AIM OF THE TASK ::
Find how many lines in the data below mention "drawing". Give the number only.

+++++

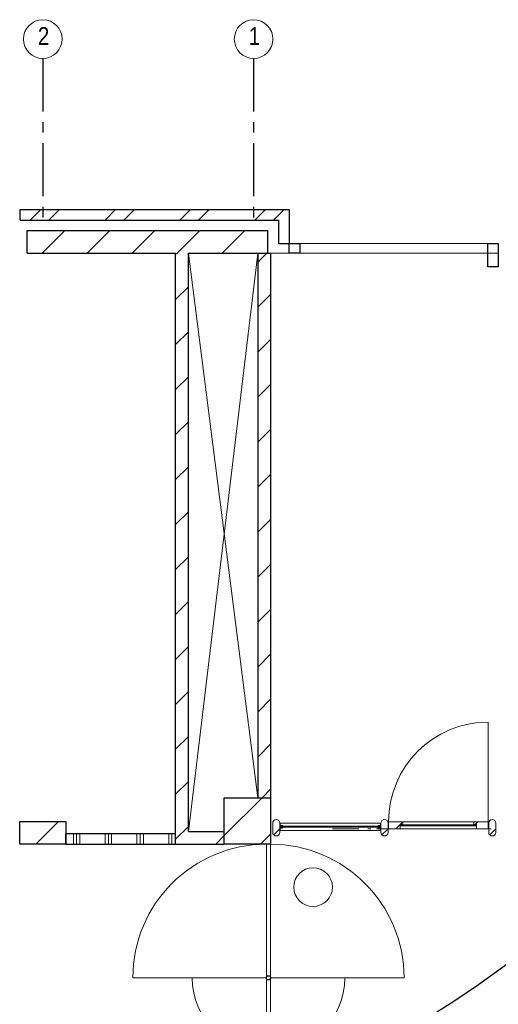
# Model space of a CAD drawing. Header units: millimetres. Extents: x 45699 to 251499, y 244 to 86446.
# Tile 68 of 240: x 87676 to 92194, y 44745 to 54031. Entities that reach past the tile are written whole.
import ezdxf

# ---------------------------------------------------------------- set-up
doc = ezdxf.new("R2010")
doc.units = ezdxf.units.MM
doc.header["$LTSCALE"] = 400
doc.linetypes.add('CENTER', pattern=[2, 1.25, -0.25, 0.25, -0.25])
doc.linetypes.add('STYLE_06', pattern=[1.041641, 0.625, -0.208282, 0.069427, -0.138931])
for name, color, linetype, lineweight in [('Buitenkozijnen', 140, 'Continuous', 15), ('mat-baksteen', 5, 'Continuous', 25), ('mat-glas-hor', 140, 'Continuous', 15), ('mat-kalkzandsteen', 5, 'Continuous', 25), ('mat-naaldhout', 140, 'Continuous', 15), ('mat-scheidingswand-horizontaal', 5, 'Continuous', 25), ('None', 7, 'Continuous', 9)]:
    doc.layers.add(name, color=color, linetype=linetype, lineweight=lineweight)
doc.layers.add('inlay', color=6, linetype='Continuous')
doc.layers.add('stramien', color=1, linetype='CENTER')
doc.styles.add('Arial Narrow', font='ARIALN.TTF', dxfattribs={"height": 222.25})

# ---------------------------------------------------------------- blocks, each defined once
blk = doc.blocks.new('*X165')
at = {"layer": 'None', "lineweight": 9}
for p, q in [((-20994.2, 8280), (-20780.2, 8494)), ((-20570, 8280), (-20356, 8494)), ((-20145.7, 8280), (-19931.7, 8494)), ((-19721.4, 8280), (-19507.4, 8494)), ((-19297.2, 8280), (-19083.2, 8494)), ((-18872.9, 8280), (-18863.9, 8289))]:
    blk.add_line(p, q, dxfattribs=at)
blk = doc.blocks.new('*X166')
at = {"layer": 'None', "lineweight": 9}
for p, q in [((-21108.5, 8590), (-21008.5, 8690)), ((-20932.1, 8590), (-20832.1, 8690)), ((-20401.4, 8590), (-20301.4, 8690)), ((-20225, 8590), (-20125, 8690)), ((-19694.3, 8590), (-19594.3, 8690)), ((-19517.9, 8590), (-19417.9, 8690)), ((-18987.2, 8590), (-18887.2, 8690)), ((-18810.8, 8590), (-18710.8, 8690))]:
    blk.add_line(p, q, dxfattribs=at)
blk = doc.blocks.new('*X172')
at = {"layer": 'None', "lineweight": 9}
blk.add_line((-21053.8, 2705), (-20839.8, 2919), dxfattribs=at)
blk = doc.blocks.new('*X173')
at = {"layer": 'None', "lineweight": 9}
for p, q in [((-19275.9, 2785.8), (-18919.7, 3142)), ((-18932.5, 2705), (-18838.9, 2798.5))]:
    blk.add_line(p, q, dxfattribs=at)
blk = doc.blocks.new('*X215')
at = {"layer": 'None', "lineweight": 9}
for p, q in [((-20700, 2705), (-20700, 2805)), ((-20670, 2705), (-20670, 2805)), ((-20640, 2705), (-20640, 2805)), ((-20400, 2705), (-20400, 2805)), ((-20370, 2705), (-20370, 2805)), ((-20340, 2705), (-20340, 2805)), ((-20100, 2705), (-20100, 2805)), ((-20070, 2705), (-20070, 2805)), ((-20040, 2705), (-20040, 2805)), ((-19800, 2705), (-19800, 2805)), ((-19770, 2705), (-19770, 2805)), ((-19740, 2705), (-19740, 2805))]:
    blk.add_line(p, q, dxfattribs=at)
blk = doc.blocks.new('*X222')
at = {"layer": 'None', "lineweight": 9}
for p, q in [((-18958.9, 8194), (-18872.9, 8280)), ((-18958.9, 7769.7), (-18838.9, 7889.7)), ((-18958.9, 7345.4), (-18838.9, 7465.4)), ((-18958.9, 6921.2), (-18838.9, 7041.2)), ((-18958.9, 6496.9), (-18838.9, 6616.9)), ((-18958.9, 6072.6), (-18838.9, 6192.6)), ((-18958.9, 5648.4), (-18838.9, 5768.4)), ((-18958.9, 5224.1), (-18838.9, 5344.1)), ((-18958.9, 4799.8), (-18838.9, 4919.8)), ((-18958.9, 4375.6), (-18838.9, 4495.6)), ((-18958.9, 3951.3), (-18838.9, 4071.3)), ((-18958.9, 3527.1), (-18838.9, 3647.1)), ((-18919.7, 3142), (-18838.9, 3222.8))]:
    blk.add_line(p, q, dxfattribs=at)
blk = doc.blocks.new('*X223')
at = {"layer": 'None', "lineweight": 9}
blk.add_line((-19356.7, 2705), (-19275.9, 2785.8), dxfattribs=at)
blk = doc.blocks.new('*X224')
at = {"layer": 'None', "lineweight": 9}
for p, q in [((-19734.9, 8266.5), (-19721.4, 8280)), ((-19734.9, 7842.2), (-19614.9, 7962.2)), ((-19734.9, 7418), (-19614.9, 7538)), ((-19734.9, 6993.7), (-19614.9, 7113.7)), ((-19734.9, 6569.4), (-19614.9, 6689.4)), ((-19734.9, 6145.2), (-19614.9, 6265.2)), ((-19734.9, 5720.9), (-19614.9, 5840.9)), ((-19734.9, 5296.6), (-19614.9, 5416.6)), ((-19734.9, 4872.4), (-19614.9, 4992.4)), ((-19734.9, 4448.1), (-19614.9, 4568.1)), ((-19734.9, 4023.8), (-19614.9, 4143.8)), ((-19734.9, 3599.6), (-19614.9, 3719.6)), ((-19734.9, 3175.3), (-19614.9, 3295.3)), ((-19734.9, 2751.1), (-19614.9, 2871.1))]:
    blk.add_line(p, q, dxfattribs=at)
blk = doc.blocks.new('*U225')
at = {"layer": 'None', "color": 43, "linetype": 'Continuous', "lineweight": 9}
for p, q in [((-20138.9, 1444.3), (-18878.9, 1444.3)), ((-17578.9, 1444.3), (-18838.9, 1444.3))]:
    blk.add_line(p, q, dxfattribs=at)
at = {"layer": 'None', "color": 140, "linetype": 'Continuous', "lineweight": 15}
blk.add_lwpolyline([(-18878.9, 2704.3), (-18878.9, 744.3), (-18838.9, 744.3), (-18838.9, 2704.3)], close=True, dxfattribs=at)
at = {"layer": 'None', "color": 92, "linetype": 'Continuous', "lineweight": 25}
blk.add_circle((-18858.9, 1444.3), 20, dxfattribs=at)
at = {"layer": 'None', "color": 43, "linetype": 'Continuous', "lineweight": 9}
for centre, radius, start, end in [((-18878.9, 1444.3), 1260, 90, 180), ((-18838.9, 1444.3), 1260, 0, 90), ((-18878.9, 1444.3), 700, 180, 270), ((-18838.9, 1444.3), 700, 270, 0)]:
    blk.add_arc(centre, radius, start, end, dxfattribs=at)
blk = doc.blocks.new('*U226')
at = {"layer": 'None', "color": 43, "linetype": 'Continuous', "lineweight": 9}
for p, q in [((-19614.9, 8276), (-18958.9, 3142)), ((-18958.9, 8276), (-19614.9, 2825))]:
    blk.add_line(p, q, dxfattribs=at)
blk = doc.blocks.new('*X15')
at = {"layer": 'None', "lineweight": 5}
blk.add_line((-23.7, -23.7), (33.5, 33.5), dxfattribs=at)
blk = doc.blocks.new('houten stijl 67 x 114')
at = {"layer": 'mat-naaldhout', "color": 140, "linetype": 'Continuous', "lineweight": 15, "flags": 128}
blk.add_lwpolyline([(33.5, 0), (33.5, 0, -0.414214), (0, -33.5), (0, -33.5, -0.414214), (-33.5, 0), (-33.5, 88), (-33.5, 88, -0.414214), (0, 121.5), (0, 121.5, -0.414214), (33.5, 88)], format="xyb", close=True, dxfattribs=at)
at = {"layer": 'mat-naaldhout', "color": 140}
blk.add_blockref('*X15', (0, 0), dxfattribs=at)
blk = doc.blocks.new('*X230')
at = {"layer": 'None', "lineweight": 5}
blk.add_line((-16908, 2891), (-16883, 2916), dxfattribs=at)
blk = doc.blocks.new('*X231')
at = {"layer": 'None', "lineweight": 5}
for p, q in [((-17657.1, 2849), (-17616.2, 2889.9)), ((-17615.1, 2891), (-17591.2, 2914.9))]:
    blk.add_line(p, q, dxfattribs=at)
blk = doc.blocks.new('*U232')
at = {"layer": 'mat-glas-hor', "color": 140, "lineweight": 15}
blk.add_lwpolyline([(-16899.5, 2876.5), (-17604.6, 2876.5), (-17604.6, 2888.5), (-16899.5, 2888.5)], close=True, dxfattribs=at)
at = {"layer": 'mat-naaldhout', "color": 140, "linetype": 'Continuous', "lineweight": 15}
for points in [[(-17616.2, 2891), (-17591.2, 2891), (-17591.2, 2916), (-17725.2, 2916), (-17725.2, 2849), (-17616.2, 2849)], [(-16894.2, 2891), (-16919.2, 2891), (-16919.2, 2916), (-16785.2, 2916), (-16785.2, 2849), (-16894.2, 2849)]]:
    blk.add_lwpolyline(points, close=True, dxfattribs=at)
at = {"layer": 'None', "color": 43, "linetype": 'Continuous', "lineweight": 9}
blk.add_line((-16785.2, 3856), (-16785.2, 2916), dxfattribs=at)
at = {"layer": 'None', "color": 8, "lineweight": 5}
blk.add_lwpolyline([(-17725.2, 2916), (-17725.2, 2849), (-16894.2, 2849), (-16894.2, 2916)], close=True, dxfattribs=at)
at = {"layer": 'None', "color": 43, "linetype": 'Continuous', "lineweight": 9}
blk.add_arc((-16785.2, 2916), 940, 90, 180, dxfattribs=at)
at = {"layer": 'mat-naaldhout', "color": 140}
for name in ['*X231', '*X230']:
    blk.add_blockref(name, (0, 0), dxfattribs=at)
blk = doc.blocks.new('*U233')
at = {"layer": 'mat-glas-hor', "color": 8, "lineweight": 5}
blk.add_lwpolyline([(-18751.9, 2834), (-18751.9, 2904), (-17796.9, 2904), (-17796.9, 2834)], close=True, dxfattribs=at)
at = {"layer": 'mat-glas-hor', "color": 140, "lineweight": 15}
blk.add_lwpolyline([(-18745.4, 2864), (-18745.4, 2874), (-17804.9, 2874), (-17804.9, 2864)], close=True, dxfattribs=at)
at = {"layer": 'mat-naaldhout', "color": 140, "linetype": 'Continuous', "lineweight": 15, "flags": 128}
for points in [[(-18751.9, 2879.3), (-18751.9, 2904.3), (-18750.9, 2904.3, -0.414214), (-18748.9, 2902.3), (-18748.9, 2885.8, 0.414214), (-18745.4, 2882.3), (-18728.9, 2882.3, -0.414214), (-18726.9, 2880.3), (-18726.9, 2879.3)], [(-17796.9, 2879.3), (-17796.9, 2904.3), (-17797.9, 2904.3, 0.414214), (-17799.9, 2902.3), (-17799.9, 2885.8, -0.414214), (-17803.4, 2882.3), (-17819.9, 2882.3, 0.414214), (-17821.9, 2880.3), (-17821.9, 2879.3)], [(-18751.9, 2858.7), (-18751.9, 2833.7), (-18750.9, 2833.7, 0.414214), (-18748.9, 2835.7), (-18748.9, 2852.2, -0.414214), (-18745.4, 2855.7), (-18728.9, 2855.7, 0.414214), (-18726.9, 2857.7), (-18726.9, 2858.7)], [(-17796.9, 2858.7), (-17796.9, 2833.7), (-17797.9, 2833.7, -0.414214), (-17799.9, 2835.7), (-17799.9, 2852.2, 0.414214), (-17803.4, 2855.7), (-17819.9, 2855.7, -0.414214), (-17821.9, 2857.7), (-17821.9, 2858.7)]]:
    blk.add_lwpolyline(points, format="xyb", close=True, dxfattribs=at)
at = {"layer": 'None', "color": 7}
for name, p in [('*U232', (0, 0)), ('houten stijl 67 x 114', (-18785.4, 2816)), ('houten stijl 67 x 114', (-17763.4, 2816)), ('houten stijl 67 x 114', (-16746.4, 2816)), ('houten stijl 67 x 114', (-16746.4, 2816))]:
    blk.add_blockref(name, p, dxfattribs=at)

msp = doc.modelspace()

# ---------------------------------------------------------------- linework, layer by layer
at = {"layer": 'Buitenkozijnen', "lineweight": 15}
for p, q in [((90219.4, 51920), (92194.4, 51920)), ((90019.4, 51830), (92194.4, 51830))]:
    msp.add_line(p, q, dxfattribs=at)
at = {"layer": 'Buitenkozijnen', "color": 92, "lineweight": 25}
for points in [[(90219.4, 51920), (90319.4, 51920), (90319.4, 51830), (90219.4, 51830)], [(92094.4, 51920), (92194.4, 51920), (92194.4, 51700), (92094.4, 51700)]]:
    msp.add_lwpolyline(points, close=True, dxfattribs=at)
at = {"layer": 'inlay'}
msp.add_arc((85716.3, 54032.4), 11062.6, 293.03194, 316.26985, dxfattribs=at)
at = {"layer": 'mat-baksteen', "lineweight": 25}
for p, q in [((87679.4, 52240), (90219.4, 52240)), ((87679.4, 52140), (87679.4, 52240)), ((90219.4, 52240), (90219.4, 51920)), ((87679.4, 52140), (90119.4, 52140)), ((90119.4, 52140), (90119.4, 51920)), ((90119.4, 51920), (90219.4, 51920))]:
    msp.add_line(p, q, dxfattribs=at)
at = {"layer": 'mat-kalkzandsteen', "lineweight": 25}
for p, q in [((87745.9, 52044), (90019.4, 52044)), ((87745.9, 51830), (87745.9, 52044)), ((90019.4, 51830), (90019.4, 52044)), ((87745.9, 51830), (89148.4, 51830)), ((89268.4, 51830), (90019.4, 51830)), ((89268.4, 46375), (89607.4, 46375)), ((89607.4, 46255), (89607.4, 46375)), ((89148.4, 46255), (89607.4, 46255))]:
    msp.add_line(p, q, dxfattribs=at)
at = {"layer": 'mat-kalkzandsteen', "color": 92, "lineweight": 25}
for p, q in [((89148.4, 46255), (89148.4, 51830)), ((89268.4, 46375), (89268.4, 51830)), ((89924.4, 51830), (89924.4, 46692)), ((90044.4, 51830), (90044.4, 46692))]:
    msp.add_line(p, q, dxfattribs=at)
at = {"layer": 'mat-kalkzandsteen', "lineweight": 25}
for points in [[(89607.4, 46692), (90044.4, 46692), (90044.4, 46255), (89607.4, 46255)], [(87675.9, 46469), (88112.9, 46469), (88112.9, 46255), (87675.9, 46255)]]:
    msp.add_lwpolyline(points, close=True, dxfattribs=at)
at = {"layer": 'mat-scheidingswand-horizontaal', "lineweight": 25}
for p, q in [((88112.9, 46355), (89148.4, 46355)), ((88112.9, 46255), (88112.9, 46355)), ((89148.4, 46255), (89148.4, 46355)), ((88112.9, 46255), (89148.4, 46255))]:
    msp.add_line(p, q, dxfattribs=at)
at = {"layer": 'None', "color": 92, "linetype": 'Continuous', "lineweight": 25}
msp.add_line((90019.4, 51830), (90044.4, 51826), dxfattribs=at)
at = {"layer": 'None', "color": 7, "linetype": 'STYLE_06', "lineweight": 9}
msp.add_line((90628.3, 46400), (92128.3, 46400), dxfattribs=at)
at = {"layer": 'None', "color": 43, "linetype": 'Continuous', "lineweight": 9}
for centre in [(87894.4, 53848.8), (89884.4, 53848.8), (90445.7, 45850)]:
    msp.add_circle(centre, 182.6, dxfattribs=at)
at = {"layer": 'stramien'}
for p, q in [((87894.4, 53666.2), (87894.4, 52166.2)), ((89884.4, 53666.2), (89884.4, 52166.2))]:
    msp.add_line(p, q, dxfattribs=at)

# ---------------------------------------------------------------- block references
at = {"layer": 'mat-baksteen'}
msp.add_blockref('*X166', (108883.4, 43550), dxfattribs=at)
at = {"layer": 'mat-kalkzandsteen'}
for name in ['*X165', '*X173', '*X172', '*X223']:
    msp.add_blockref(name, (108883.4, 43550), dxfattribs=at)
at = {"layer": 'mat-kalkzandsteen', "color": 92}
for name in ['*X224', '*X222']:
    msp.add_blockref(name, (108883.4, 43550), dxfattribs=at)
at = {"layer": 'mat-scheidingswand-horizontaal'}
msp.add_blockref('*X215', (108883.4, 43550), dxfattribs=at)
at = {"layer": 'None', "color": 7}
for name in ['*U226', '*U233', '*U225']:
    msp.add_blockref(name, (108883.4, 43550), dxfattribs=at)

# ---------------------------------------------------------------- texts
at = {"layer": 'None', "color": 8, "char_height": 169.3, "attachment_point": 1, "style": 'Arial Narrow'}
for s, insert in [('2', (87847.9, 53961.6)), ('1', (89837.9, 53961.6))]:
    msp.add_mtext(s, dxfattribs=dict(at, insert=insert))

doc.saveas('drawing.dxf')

+++++

OUTPUT OF THE TASK ::
2